We have examined the role that edge weight distribution plays in network clustering and shown how it may be used to improve the performance of several popular network clustering algorithms. Our automated threshold selection heuristic provides a simple approach for determining an appropriate threshold for network clustering. This threshold may then be employed to eliminate the current gap in clustering quality between MCL and other algorithms, thus alleviating the need to incur the heavily penalty in execution time needed with alternate algorithms such as Force. In addition our results, as shown in Table 1, suggest that thresholding generally improves clustering quality for four out of the five tested clustering algorithms. In the context of using protein similarity networks for functional inference, the significant improvement in clustering quality for these algorithms suggests that any future algorithms designed for this application include a threshold heuristic.

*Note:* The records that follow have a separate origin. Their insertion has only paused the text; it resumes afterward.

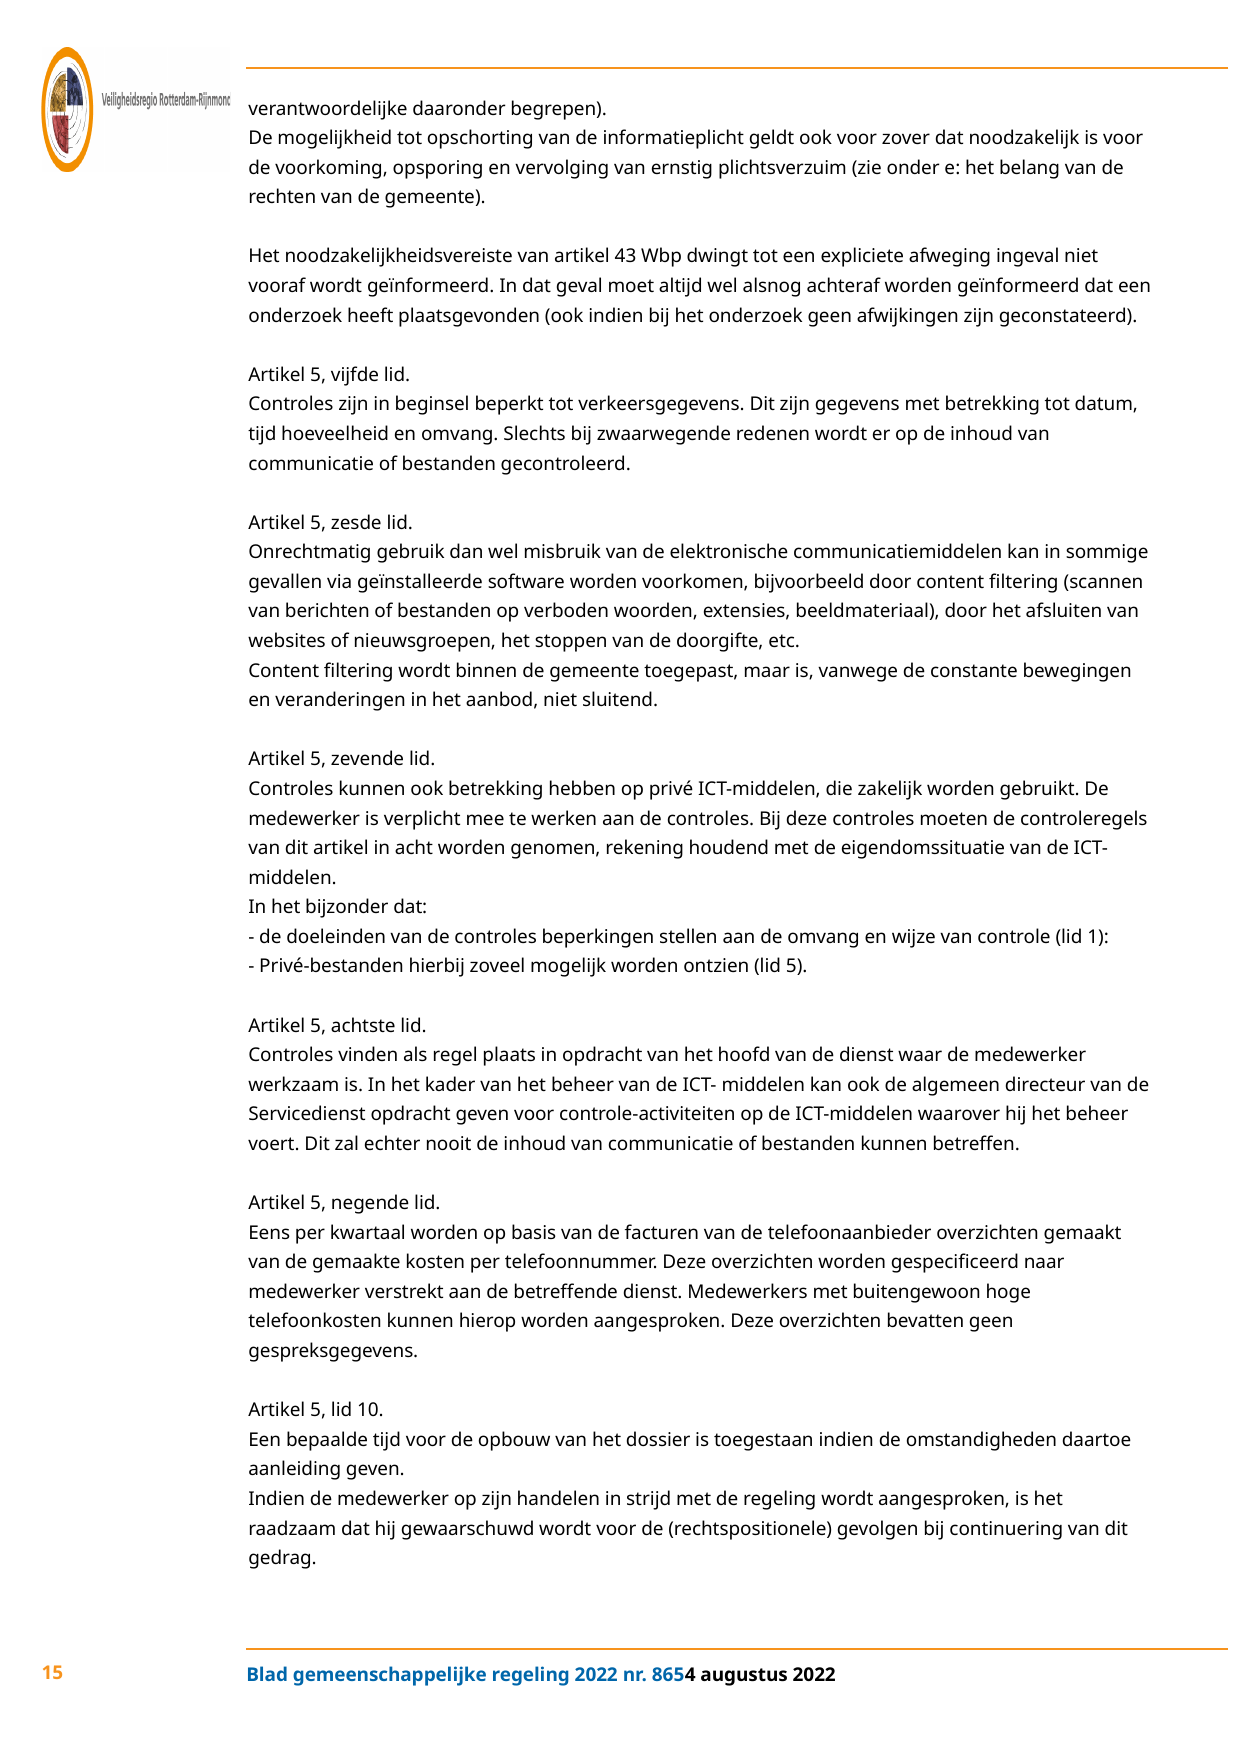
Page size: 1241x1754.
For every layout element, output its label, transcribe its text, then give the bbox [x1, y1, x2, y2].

text De mogelijkheid tot opschorting van de informatieplicht geldt ook voor zover dat noodzakelijk is voor de voorkoming, opsporing en vervolging van ernstig plichtsverzuim (zie onder e: het belang van de rechten van de gemeente). [248, 124, 1152, 209]
text Controles kunnen ook betrekking hebben op privé ICT-middelen, die zakelijk worden gebruikt. De medewerker is verplicht mee te werken aan de controles. Bij deze controles moeten de controleregels van dit artikel in acht worden genomen, rekening houdend met de eigendomssituatie van de ICT- middelen. [248, 775, 1152, 890]
text Indien de medewerker op zijn handelen in strijd met de regeling wordt aangesproken, is het raadzaam dat hij gewaarschuwd wordt voor de (rechtspositionele) gevolgen bij continuering van dit gedrag. [248, 1485, 1152, 1570]
text Artikel 5, lid 10. [248, 1396, 1152, 1422]
text In het bijzonder dat: [248, 893, 1152, 919]
text Een bepaalde tijd voor de opbouw van het dossier is toegestaan indien de omstandigheden daartoe aanleiding geven. [248, 1426, 1152, 1481]
text Controles zijn in beginsel beperkt tot verkeersgegevens. Dit zijn gegevens met betrekking tot datum, tijd hoeveelheid en omvang. Slechts bij zwaarwegende redenen wordt er op de inhoud van communicatie of bestanden gecontroleerd. [248, 391, 1152, 476]
text - Privé-bestanden hierbij zoveel mogelijk worden ontzien (lid 5). [248, 953, 1152, 978]
text Onrechtmatig gebruik dan wel misbruik van de elektronische communicatiemiddelen kan in sommige gevallen via geïnstalleerde software worden voorkomen, bijvoorbeeld door content filtering (scannen van berichten of bestanden op verboden woorden, extensies, beeldmateriaal), door het afsluiten van websites of nieuwsgroepen, het stoppen van de doorgifte, etc. [248, 538, 1152, 653]
text Artikel 5, zesde lid. [248, 509, 1152, 535]
text Het noodzakelijkheidsvereiste van artikel 43 Wbp dwingt tot een expliciete afweging ingeval niet vooraf wordt geïnformeerd. In dat geval moet altijd wel alsnog achteraf worden geïnformeerd dat een onderzoek heeft plaatsgevonden (ook indien bij het onderzoek geen afwijkingen zijn geconstateerd). [248, 243, 1152, 328]
text verantwoordelijke daaronder begrepen). [248, 95, 1152, 121]
text Controles vinden als regel plaats in opdracht van het hoofd van de dienst waar de medewerker werkzaam is. In het kader van het beheer van de ICT- middelen kan ook de algemeen directeur van de Servicedienst opdracht geven voor controle-activiteiten op de ICT-middelen waarover hij het beheer voert. Dit zal echter nooit de inhoud van communicatie of bestanden kunnen betreffen. [248, 1041, 1152, 1156]
text Eens per kwartaal worden op basis van de facturen van de telefoonaanbieder overzichten gemaakt van de gemaakte kosten per telefoonnummer. Deze overzichten worden gespecificeerd naar medewerker verstrekt aan de betreffende dienst. Medewerkers met buitengewoon hoge telefoonkosten kunnen hierop worden aangesproken. Deze overzichten bevatten geen gespreksgegevens. [248, 1219, 1152, 1363]
text Artikel 5, vijfde lid. [248, 361, 1152, 387]
text Artikel 5, zevende lid. [248, 746, 1152, 771]
picture [41, 47, 231, 172]
text Artikel 5, achtste lid. [248, 1012, 1152, 1038]
text Artikel 5, negende lid. [248, 1189, 1152, 1215]
text - de doeleinden van de controles beperkingen stellen aan de omvang en wijze van controle (lid 1): [248, 923, 1152, 949]
text Content filtering wordt binnen de gemeente toegepast, maar is, vanwege de constante bewegingen en veranderingen in het aanbod, niet sluitend. [248, 657, 1152, 712]

More importantly, our research demonstrates that the predictive potential of the similarity network edge weight distribution is an area of study worth exploring in more detail. Future examination of edge weight distributions may help produce better threshold selection approaches, as well as possibly leading to the development of more accurate network clustering algorithms. Furthermore, additional study of edge weight distribution shape could also provide a deeper understanding of protein similarity networks as a whole.
Funding: National Institutes of Health (grant P41 RR01081 to T.E.F. and R01 GM60595 to P.C.B.).
Conflict of Interest: none declared.